SUPPLIED INFORMATION
- - - - - - -
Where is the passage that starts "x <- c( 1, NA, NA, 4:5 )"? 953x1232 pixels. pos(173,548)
- - - - - - -
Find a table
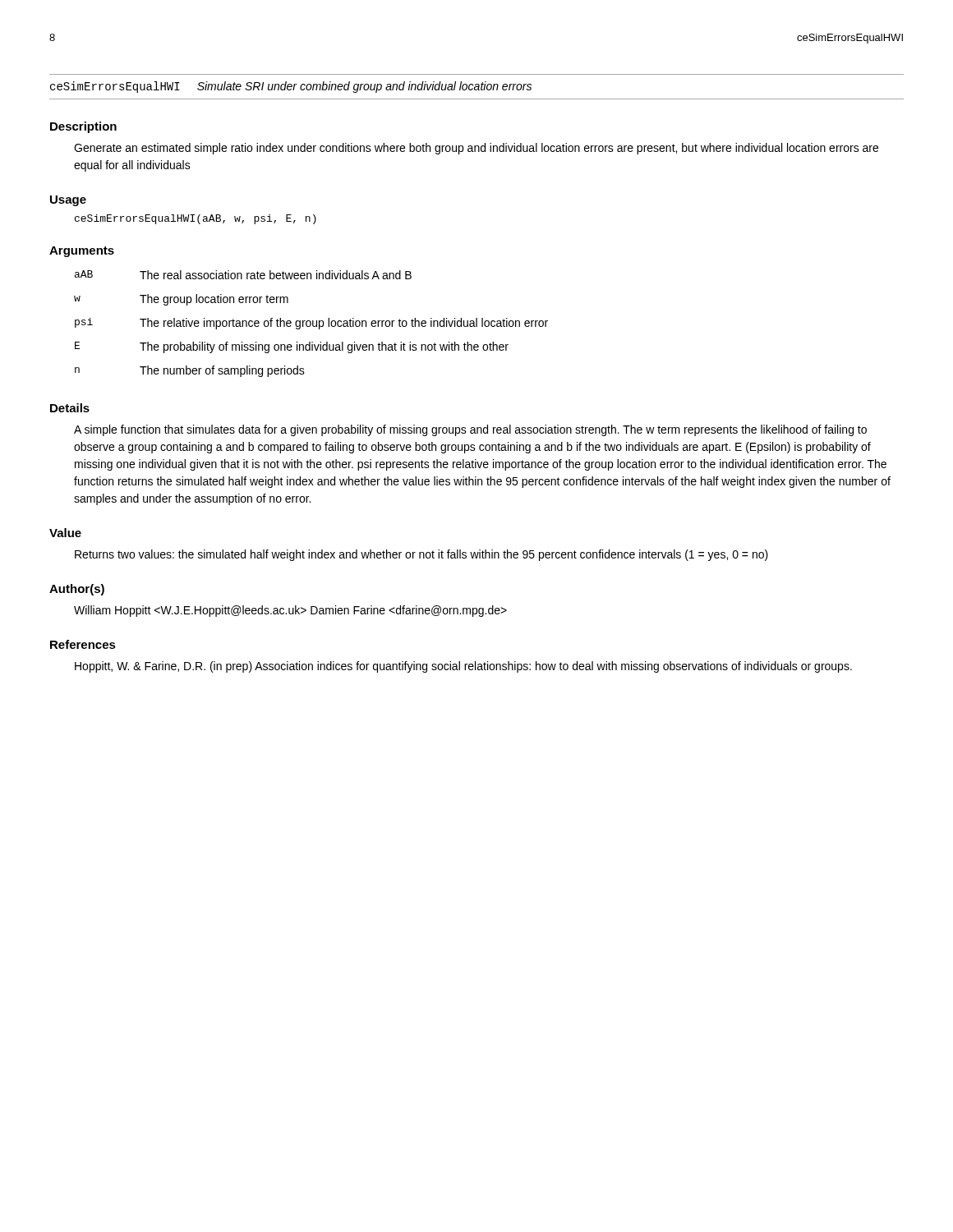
- - - - - - -
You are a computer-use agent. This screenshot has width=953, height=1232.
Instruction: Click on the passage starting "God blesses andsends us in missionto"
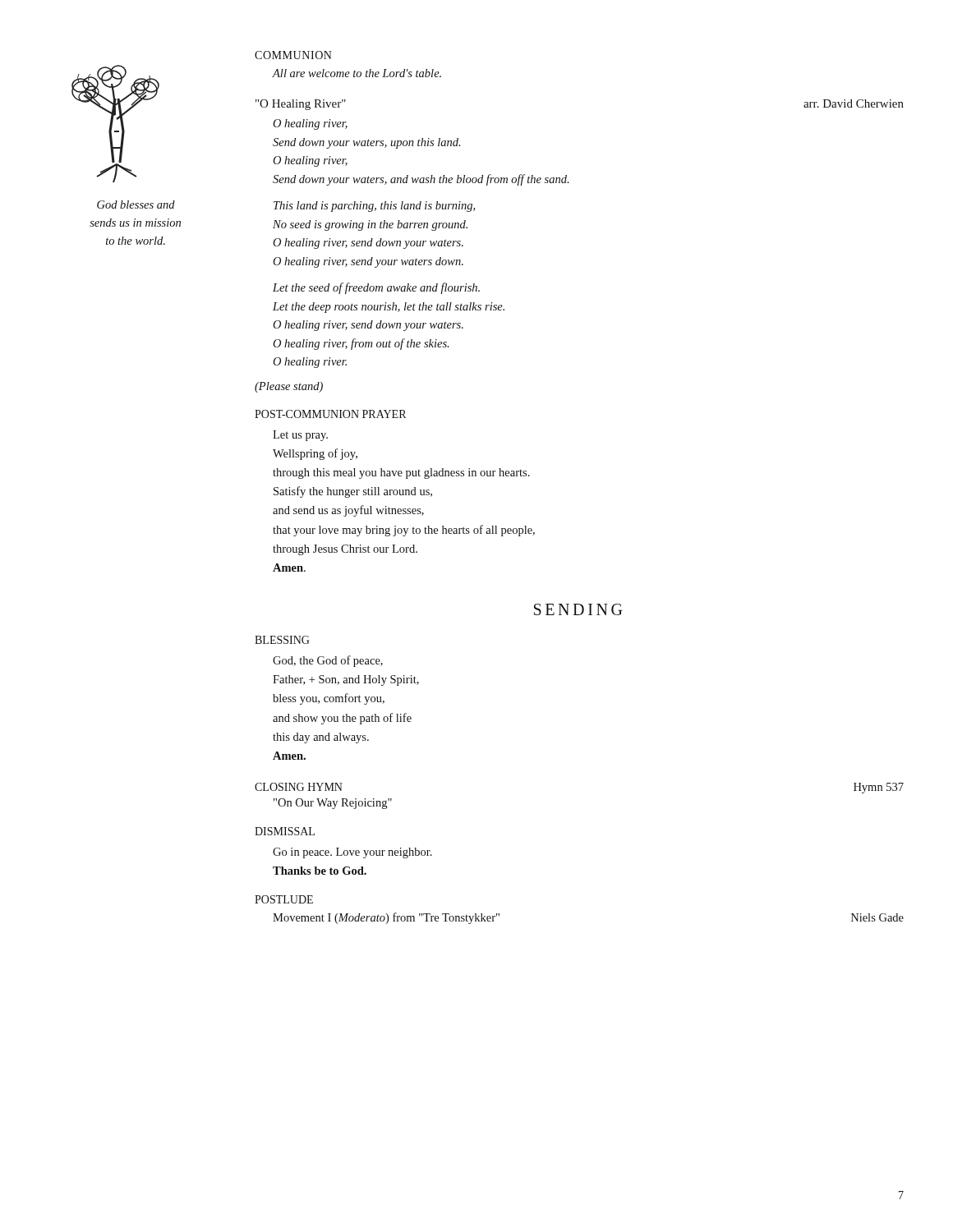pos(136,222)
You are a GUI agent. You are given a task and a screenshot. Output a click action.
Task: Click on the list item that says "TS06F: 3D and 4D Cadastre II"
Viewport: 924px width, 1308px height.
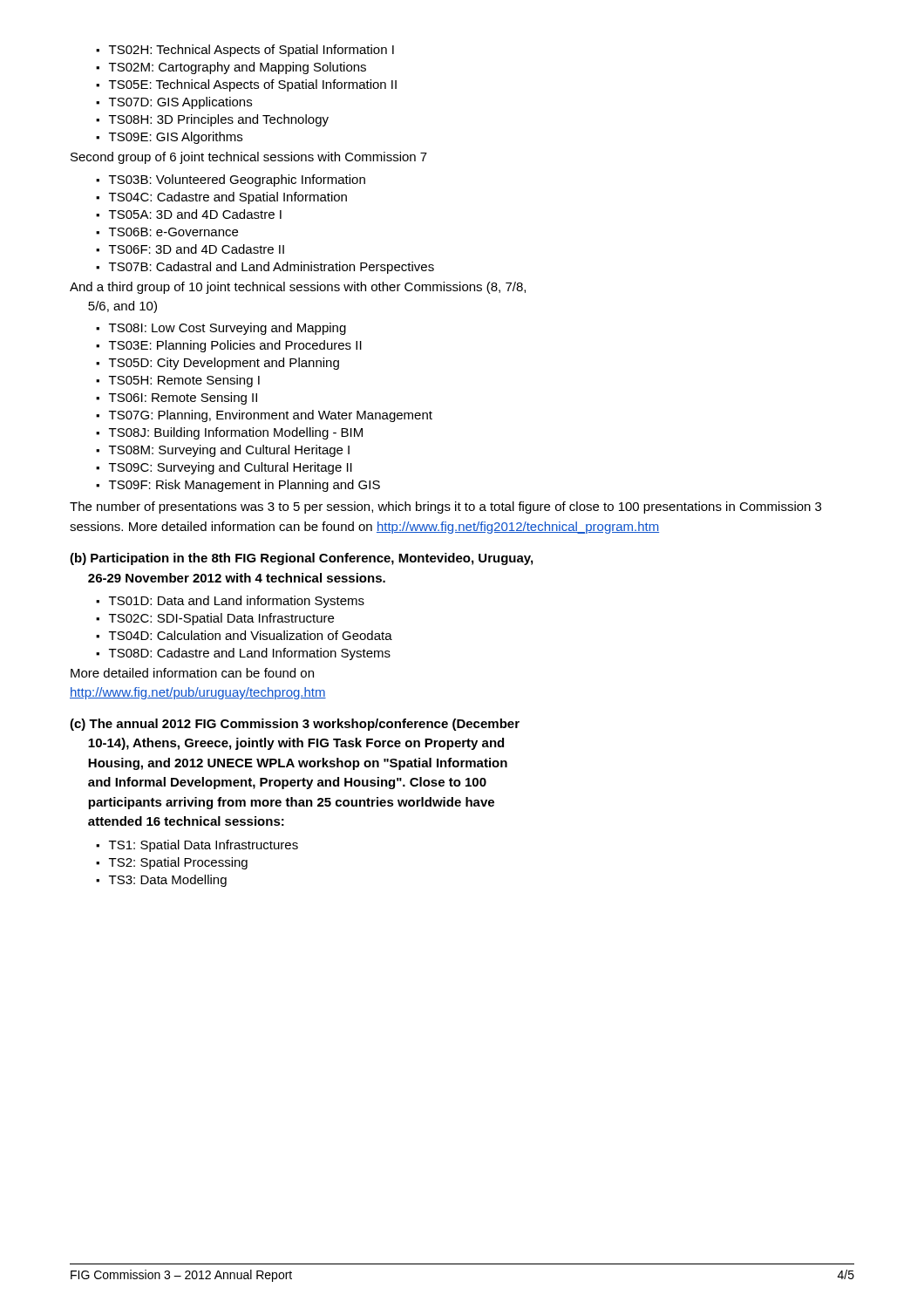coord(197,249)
- - - - - - -
GOAL OF THE EXERCISE
Would you print exactly the lines in the listing above, from the line bearing "You are a computer-use" through the line bearing "You are a GUI", leaving out all pictures?

PROBLEM SOLUTION
You are a computer-use agent. This screenshot has width=953, height=1232.
Instruction: Click on the passage starting "God blesses andsends us in missionto"
pos(136,222)
You are a GUI agent. You are given a task and a screenshot. Output a click action.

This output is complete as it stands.